Неделю тому назад, до сцены в Бердичеве, Мише порядком досталось бы и за то, что он велел ямщику заехать в такую дорогую гостиницу, и за то, что, зная разницу между польским и австрийским флоринами, он не предупредил свою тётку об этой разнице, и, наконец, за то, что из сочтённых в Карачеве семидесяти одного рубля у него осталось в Бродах всего шестьдесят, а остальные деньги или истрачены, без ведома тётки, в цукерне, или, что ещё хуже, — розданы попрошайкам, приносящим под предлогом бедности продавать в гостиницу самые ненужные вещицы: картинки, карандаши, перочинные ножички и прочую дрянь; но теперь Мише сходило с рук решительно всё, и он не только часто пользовался, но даже щеголял своим независимым положением. При чужих людях он в особенности старался держать себя совершенно как большой, как настоящий учитель. Во Львове, например, в присутствии банкира, после урока Анисье, он остался довольный её прилежанием и для поощрения дал ей пряник и пять грецких орехов в сахаре. Подобные поощрения случались довольно часто и прежде, Серафима Ивановна смотрела на них сквозь пальцы, косясь, правда, не на Мишу, а на Анисью.
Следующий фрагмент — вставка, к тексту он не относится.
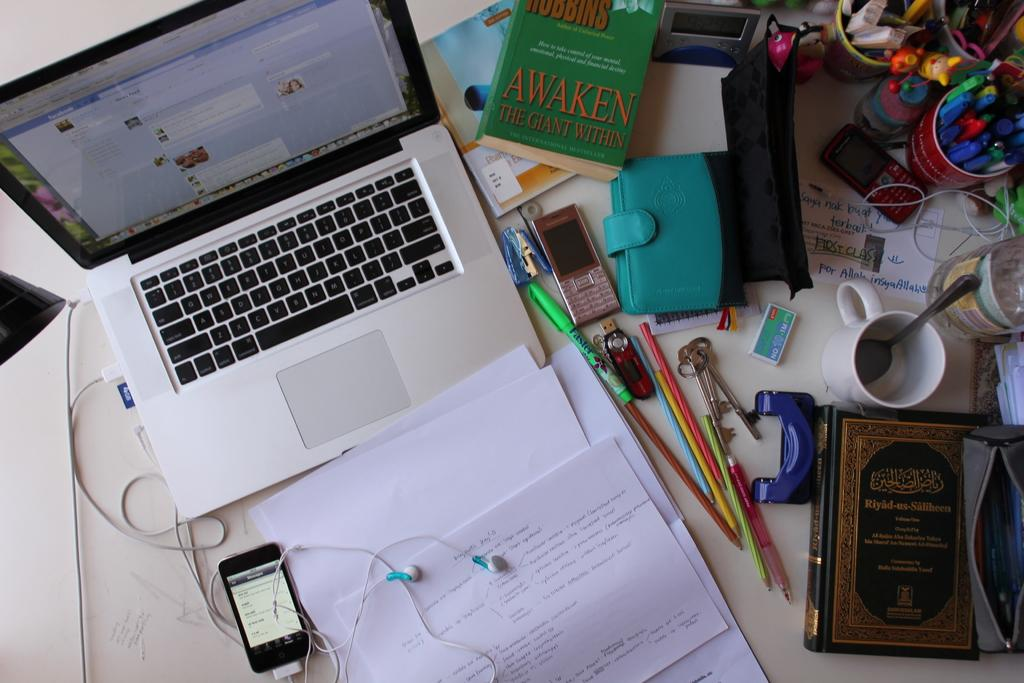What electronic device is visible in the image with earphones attached? There is a mobile with earphones in the image. What type of computer is present in the image? There is a laptop in the image. What type of stationery items can be seen in the image? There are papers and pen stands in the image. What type of beverage container is present in the image? There is a teacup in the image. What type of reading material is present in the image? There is a book in the image. How many wallets are visible in the image? There are two wallets in the image. What other electronic device is present on the table in the image? There is another mobile on the table in the image. Can you see any mittens on the sidewalk in the image? There is no sidewalk or mittens present in the image. What is the wish of the person using the laptop in the image? There is no information about the person's wish in the image. 
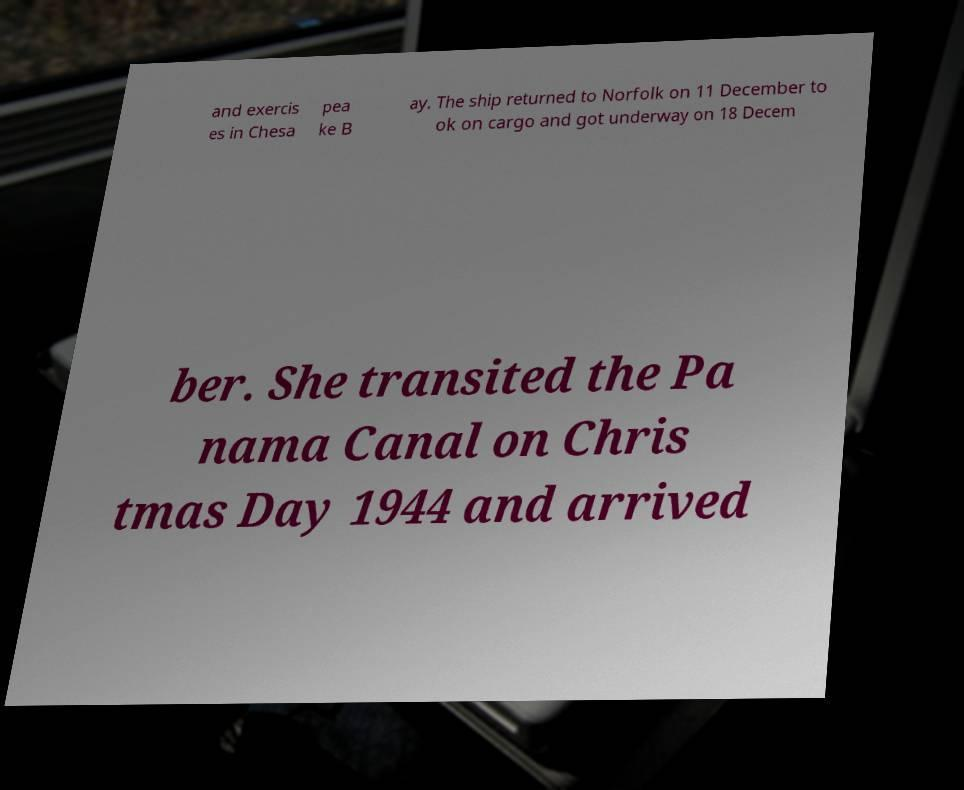Please identify and transcribe the text found in this image. and exercis es in Chesa pea ke B ay. The ship returned to Norfolk on 11 December to ok on cargo and got underway on 18 Decem ber. She transited the Pa nama Canal on Chris tmas Day 1944 and arrived

Банкир привёз ей во Львов сто червонцев, но Мише долг свой она не отдала, а только сказала, чтобы он не подумал, что она забыла этот долг: она не отдаёт его оттого, что всё равно, где лежат его деньги — у него ли в кармане или у неё в шкатулке. Бедному мальчику конфузно было попросить у тётки, в счёт долга, хоть десять гульденов на маленькие свои расходы и на поощрение своей ученицы. Заметив его горе, Чальдини предложил ему перехватить несколько гульденов у него, Миша стал было отказываться, но Чальдини настоял, сказав, что такая безделица нимало не стеснит его даже в том невероятном случае, если тётка откажется заплатить за Мишу. Миша занял у доктора два червонца, и поощрения, прекратившиеся было, начались опять.